### DATASET EXCERPTS

--- --- ---

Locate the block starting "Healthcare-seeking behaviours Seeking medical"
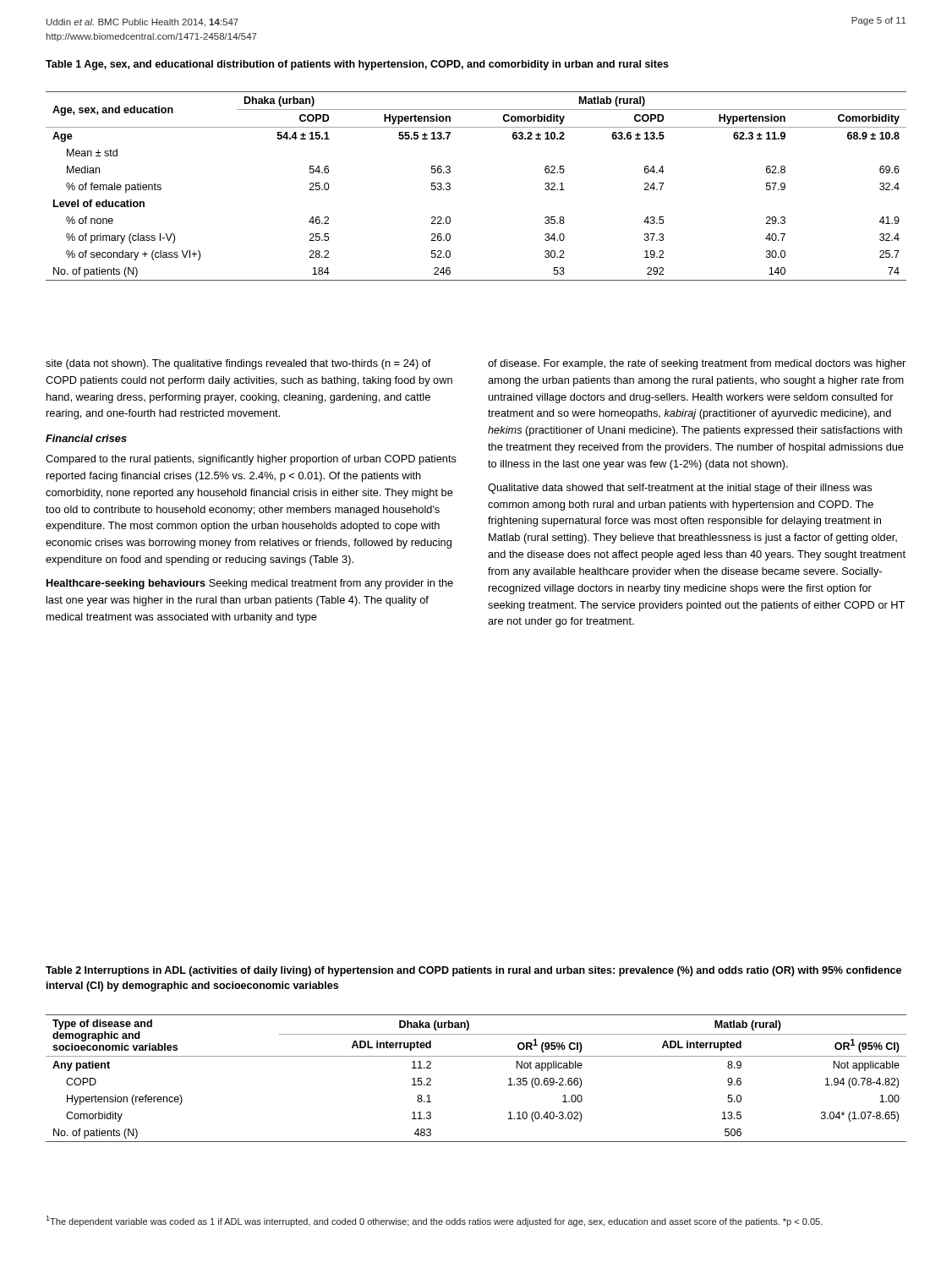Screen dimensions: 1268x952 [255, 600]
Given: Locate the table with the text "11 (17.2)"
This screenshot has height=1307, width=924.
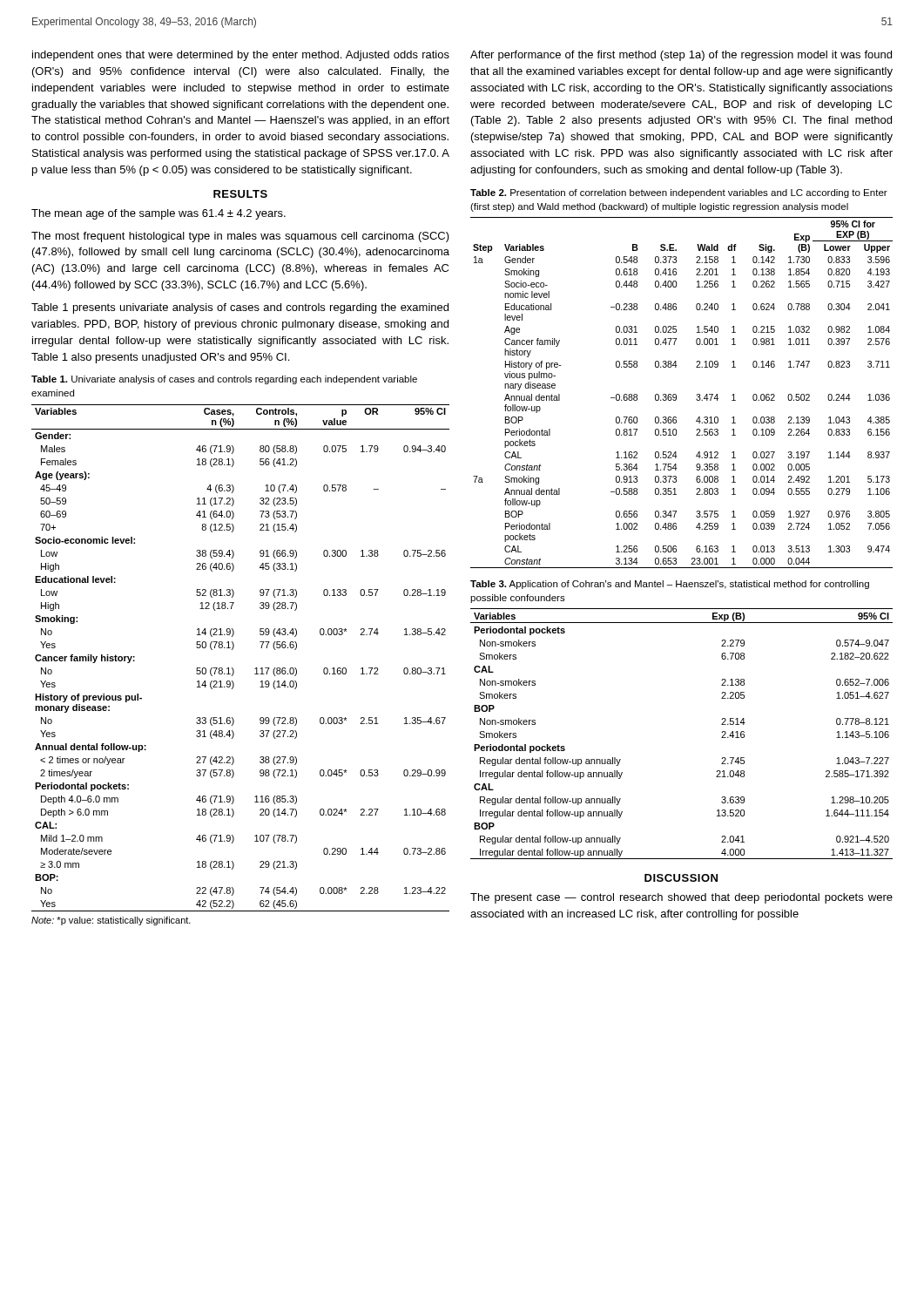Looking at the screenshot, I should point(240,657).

--- --- ---

### TASK INSTRUCTIONS
From the line containing "Given: Locate the" down to the last line of the data above, transcribe exactly those lines and no others; omit the pictures.

### EXPECTED ANSWER
Given: Locate the table with the text "11 (17.2)"
This screenshot has height=1307, width=924.
Looking at the screenshot, I should point(240,657).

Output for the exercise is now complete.